#### [INSTRUCTIONS TO FOLLOW]
Each entry that follows should be given again word for word; please leave out its pictures.

[Stored entries]
┌────────
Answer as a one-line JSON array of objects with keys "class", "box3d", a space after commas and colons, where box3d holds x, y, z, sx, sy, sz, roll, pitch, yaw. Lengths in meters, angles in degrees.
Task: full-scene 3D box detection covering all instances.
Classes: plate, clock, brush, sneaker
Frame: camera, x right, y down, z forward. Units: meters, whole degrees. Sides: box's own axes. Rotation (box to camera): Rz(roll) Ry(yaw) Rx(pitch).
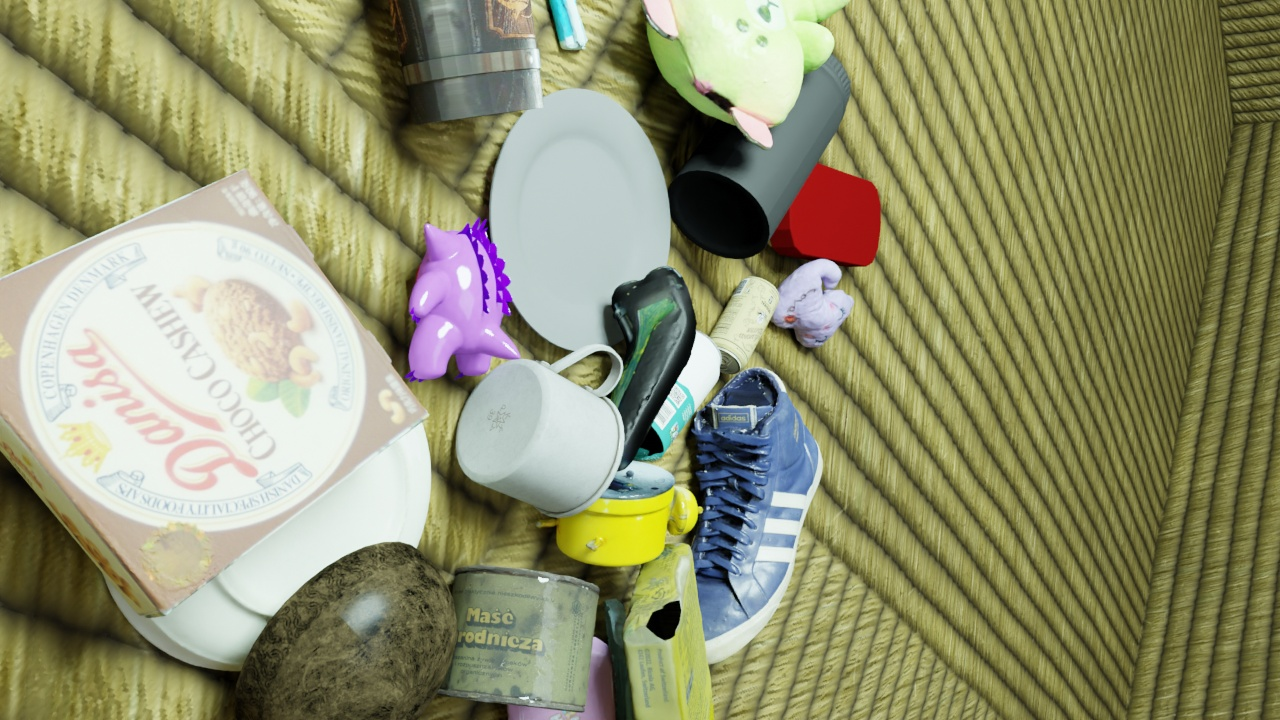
[{"class": "plate", "box3d": [-0.176, 0.072, 0.473, 0.182, 0.034, 0.182, -7, 99, -49]}, {"class": "clock", "box3d": [-0.010, 0.100, 0.636, 0.118, 0.083, 0.057, -8, 105, -47]}, {"class": "brush", "box3d": [0.166, -0.133, 0.852, 0.173, 0.042, 0.082, 1, 93, -50]}, {"class": "plate", "box3d": [-0.039, -0.095, 0.636, 0.178, 0.012, 0.178, -6, 98, -49]}, {"class": "sneaker", "box3d": [0.074, 0.110, 0.728, 0.232, 0.092, 0.118, -54, 135, -33]}]

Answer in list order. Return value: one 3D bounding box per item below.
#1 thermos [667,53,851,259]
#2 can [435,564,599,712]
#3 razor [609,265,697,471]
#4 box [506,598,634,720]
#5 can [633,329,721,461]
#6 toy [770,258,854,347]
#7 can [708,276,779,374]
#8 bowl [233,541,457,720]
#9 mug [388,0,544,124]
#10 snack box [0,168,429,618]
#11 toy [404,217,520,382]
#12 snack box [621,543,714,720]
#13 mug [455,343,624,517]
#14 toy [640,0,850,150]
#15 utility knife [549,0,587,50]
[{"class": "thermos", "box3d": [0.105, -0.180, 0.741, 0.198, 0.086, 0.086, -57, 132, -30]}, {"class": "can", "box3d": [-0.073, 0.167, 0.551, 0.090, 0.090, 0.074, 31, 58, -47]}, {"class": "razor", "box3d": [-0.004, 0.004, 0.624, 0.067, 0.054, 0.151, 24, 61, -4]}, {"class": "box", "box3d": [-0.045, 0.285, 0.655, 0.090, 0.091, 0.214, -4, 99, -7]}, {"class": "can", "box3d": [0.017, 0.024, 0.680, 0.101, 0.055, 0.055, -51, 129, -34]}, {"class": "toy", "box3d": [0.162, -0.052, 0.846, 0.099, 0.036, 0.080, 21, 114, -46]}, {"class": "can", "box3d": [0.084, -0.029, 0.768, 0.038, 0.038, 0.079, 55, 54, -37]}, {"class": "bowl", "box3d": [-0.138, 0.160, 0.474, 0.121, 0.056, 0.121, -40, 147, -34]}, {"class": "mug", "box3d": [-0.094, -0.195, 0.522, 0.115, 0.080, 0.107, -53, 137, -68]}, {"class": "snack box", "box3d": [-0.194, 0.010, 0.402, 0.146, 0.041, 0.143, -41, 101, -39]}, {"class": "toy", "box3d": [-0.101, -0.036, 0.532, 0.106, 0.056, 0.088, -4, 86, -73]}, {"class": "snack box", "box3d": [0.019, 0.229, 0.631, 0.121, 0.045, 0.181, -63, 147, -69]}, {"class": "mug", "box3d": [-0.056, 0.035, 0.569, 0.070, 0.084, 0.113, 32, 81, -44]}, {"class": "toy", "box3d": [0.072, -0.253, 0.684, 0.150, 0.107, 0.196, 44, 65, -13]}, {"class": "utility knife", "box3d": [-0.062, -0.283, 0.587, 0.022, 0.015, 0.167, -37, 122, -42]}]
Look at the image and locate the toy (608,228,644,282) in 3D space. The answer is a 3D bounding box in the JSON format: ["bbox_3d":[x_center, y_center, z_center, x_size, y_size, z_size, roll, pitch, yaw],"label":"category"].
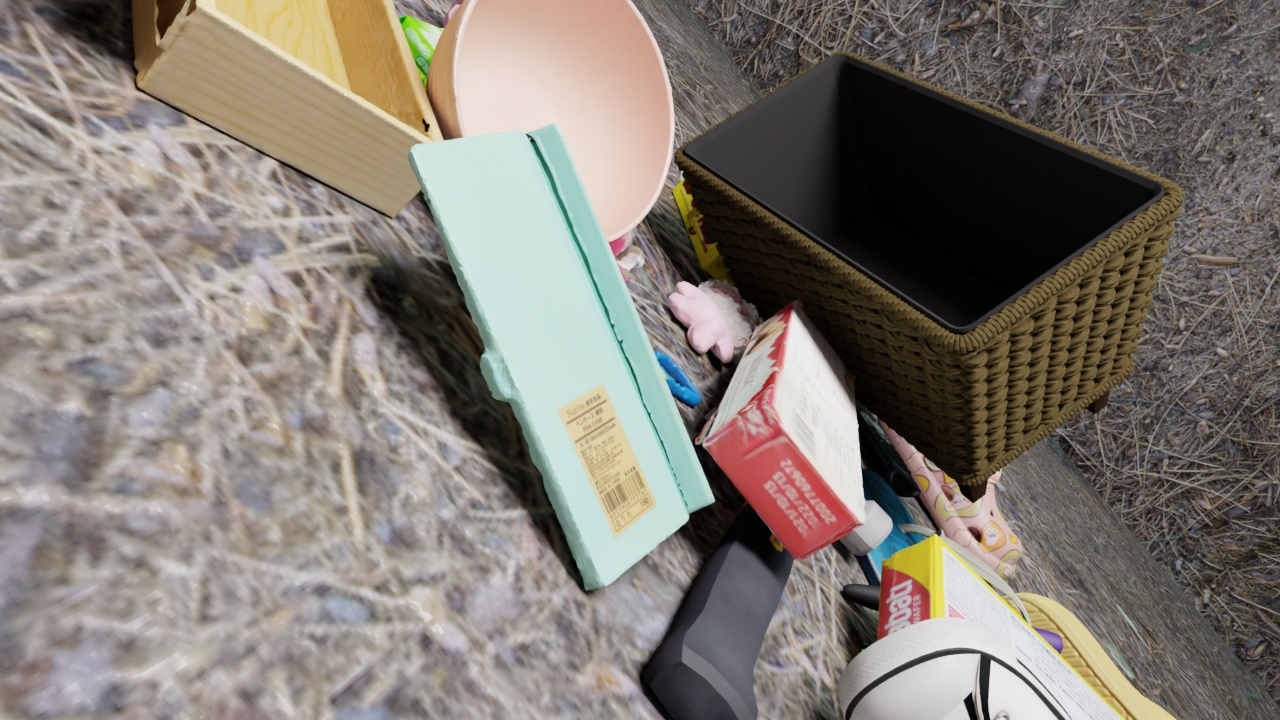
[{"bbox_3d":[-0.034,-0.066,0.556,0.065,0.050,0.102,3,41,-13],"label":"toy"}]

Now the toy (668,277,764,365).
[{"bbox_3d":[0.064,-0.027,0.691,0.108,0.041,0.095,5,49,-54],"label":"toy"}]

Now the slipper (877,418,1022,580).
[{"bbox_3d":[0.309,0.113,0.883,0.093,0.082,0.197,14,41,-59],"label":"slipper"}]

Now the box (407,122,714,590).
[{"bbox_3d":[-0.023,-0.011,0.404,0.187,0.055,0.138,67,15,-5],"label":"box"}]

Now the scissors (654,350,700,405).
[{"bbox_3d":[-0.003,0.003,0.537,0.125,0.013,0.126,35,23,-37],"label":"scissors"}]

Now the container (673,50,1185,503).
[{"bbox_3d":[0.200,-0.064,0.696,0.321,0.176,0.205,47,-14,46],"label":"container"}]

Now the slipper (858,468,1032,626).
[{"bbox_3d":[0.214,0.173,0.618,0.118,0.060,0.294,29,28,-36],"label":"slipper"}]

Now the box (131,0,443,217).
[{"bbox_3d":[-0.185,-0.225,0.411,0.253,0.118,0.247,86,-18,-52],"label":"box"}]

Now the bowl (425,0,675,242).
[{"bbox_3d":[-0.059,-0.135,0.508,0.152,0.076,0.153,-1,91,-43],"label":"bowl"}]

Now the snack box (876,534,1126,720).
[{"bbox_3d":[0.212,0.195,0.511,0.200,0.042,0.091,43,34,-13],"label":"snack box"}]

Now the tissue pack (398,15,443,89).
[{"bbox_3d":[-0.106,-0.167,0.589,0.114,0.034,0.099,50,20,0],"label":"tissue pack"}]

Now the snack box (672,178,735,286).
[{"bbox_3d":[0.072,-0.119,0.882,0.061,0.026,0.148,35,25,-32],"label":"snack box"}]

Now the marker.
[{"bbox_3d":[0.189,0.159,0.560,0.134,0.018,0.015,14,1,5],"label":"marker"}]

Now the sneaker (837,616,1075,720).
[{"bbox_3d":[0.186,0.227,0.418,0.245,0.091,0.097,49,16,-14],"label":"sneaker"}]

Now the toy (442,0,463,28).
[{"bbox_3d":[-0.084,-0.237,0.700,0.123,0.067,0.157,29,3,-4],"label":"toy"}]

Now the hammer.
[{"bbox_3d":[0.069,0.099,0.483,0.139,0.035,0.311,46,21,3],"label":"hammer"}]

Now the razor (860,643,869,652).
[{"bbox_3d":[0.162,0.216,0.487,0.144,0.021,0.043,47,33,-4],"label":"razor"}]

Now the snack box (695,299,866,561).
[{"bbox_3d":[0.090,0.026,0.540,0.076,0.044,0.272,52,18,-4],"label":"snack box"}]

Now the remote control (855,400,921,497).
[{"bbox_3d":[0.217,0.074,0.852,0.045,0.021,0.140,41,17,-25],"label":"remote control"}]

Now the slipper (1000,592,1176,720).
[{"bbox_3d":[0.319,0.271,0.601,0.078,0.100,0.263,18,31,-38],"label":"slipper"}]
└────────
#### [TASK ANSWER]
Answer as a one-line JSON array of objects with keys "class", "box3d", a space after commas and colons, where box3d holds x, y, z, sx, sy, sz, roll, pitch, yaw. Lengths in meters, angles in degrees.
Task: full-scene 3D box detection covering all instances.
Classes: plate, clock, brush, sneaker
Frame: camera, x right, y down, z forward. Units: meters, whole degrees. Sides: box's own axes. Rotation (box to camera): Rz(roll) Ry(yaw) Rx(pitch).
[{"class": "plate", "box3d": [-0.176, 0.072, 0.473, 0.182, 0.034, 0.182, -7, 99, -49]}, {"class": "clock", "box3d": [-0.010, 0.100, 0.636, 0.118, 0.083, 0.057, -8, 105, -47]}, {"class": "brush", "box3d": [0.166, -0.133, 0.852, 0.173, 0.042, 0.082, 1, 93, -50]}, {"class": "plate", "box3d": [-0.039, -0.095, 0.636, 0.178, 0.012, 0.178, -6, 98, -49]}, {"class": "sneaker", "box3d": [0.074, 0.110, 0.728, 0.232, 0.092, 0.118, -54, 135, -33]}]

Answer in list order. Return value: one 3D bounding box per item below.
#1 thermos [667,53,851,259]
#2 can [435,564,599,712]
#3 razor [609,265,697,471]
#4 box [506,598,634,720]
#5 can [633,329,721,461]
#6 toy [770,258,854,347]
#7 can [708,276,779,374]
#8 bowl [233,541,457,720]
#9 mug [388,0,544,124]
#10 snack box [0,168,429,618]
#11 toy [404,217,520,382]
#12 snack box [621,543,714,720]
#13 mug [455,343,624,517]
#14 toy [640,0,850,150]
#15 utility knife [549,0,587,50]
[{"class": "thermos", "box3d": [0.105, -0.180, 0.741, 0.198, 0.086, 0.086, -57, 132, -30]}, {"class": "can", "box3d": [-0.073, 0.167, 0.551, 0.090, 0.090, 0.074, 31, 58, -47]}, {"class": "razor", "box3d": [-0.004, 0.004, 0.624, 0.067, 0.054, 0.151, 24, 61, -4]}, {"class": "box", "box3d": [-0.045, 0.285, 0.655, 0.090, 0.091, 0.214, -4, 99, -7]}, {"class": "can", "box3d": [0.017, 0.024, 0.680, 0.101, 0.055, 0.055, -51, 129, -34]}, {"class": "toy", "box3d": [0.162, -0.052, 0.846, 0.099, 0.036, 0.080, 21, 114, -46]}, {"class": "can", "box3d": [0.084, -0.029, 0.768, 0.038, 0.038, 0.079, 55, 54, -37]}, {"class": "bowl", "box3d": [-0.138, 0.160, 0.474, 0.121, 0.056, 0.121, -40, 147, -34]}, {"class": "mug", "box3d": [-0.094, -0.195, 0.522, 0.115, 0.080, 0.107, -53, 137, -68]}, {"class": "snack box", "box3d": [-0.194, 0.010, 0.402, 0.146, 0.041, 0.143, -41, 101, -39]}, {"class": "toy", "box3d": [-0.101, -0.036, 0.532, 0.106, 0.056, 0.088, -4, 86, -73]}, {"class": "snack box", "box3d": [0.019, 0.229, 0.631, 0.121, 0.045, 0.181, -63, 147, -69]}, {"class": "mug", "box3d": [-0.056, 0.035, 0.569, 0.070, 0.084, 0.113, 32, 81, -44]}, {"class": "toy", "box3d": [0.072, -0.253, 0.684, 0.150, 0.107, 0.196, 44, 65, -13]}, {"class": "utility knife", "box3d": [-0.062, -0.283, 0.587, 0.022, 0.015, 0.167, -37, 122, -42]}]
Look at the image and locate the toy (608,228,644,282) in 3D space. The answer is a 3D bounding box in the JSON format: ["bbox_3d":[x_center, y_center, z_center, x_size, y_size, z_size, roll, pitch, yaw],"label":"category"].
[{"bbox_3d":[-0.034,-0.066,0.556,0.065,0.050,0.102,3,41,-13],"label":"toy"}]

Now the toy (668,277,764,365).
[{"bbox_3d":[0.064,-0.027,0.691,0.108,0.041,0.095,5,49,-54],"label":"toy"}]

Now the slipper (877,418,1022,580).
[{"bbox_3d":[0.309,0.113,0.883,0.093,0.082,0.197,14,41,-59],"label":"slipper"}]

Now the box (407,122,714,590).
[{"bbox_3d":[-0.023,-0.011,0.404,0.187,0.055,0.138,67,15,-5],"label":"box"}]

Now the scissors (654,350,700,405).
[{"bbox_3d":[-0.003,0.003,0.537,0.125,0.013,0.126,35,23,-37],"label":"scissors"}]

Now the container (673,50,1185,503).
[{"bbox_3d":[0.200,-0.064,0.696,0.321,0.176,0.205,47,-14,46],"label":"container"}]

Now the slipper (858,468,1032,626).
[{"bbox_3d":[0.214,0.173,0.618,0.118,0.060,0.294,29,28,-36],"label":"slipper"}]

Now the box (131,0,443,217).
[{"bbox_3d":[-0.185,-0.225,0.411,0.253,0.118,0.247,86,-18,-52],"label":"box"}]

Now the bowl (425,0,675,242).
[{"bbox_3d":[-0.059,-0.135,0.508,0.152,0.076,0.153,-1,91,-43],"label":"bowl"}]

Now the snack box (876,534,1126,720).
[{"bbox_3d":[0.212,0.195,0.511,0.200,0.042,0.091,43,34,-13],"label":"snack box"}]

Now the tissue pack (398,15,443,89).
[{"bbox_3d":[-0.106,-0.167,0.589,0.114,0.034,0.099,50,20,0],"label":"tissue pack"}]

Now the snack box (672,178,735,286).
[{"bbox_3d":[0.072,-0.119,0.882,0.061,0.026,0.148,35,25,-32],"label":"snack box"}]

Now the marker.
[{"bbox_3d":[0.189,0.159,0.560,0.134,0.018,0.015,14,1,5],"label":"marker"}]

Now the sneaker (837,616,1075,720).
[{"bbox_3d":[0.186,0.227,0.418,0.245,0.091,0.097,49,16,-14],"label":"sneaker"}]

Now the toy (442,0,463,28).
[{"bbox_3d":[-0.084,-0.237,0.700,0.123,0.067,0.157,29,3,-4],"label":"toy"}]

Now the hammer.
[{"bbox_3d":[0.069,0.099,0.483,0.139,0.035,0.311,46,21,3],"label":"hammer"}]

Now the razor (860,643,869,652).
[{"bbox_3d":[0.162,0.216,0.487,0.144,0.021,0.043,47,33,-4],"label":"razor"}]

Now the snack box (695,299,866,561).
[{"bbox_3d":[0.090,0.026,0.540,0.076,0.044,0.272,52,18,-4],"label":"snack box"}]

Now the remote control (855,400,921,497).
[{"bbox_3d":[0.217,0.074,0.852,0.045,0.021,0.140,41,17,-25],"label":"remote control"}]

Now the slipper (1000,592,1176,720).
[{"bbox_3d":[0.319,0.271,0.601,0.078,0.100,0.263,18,31,-38],"label":"slipper"}]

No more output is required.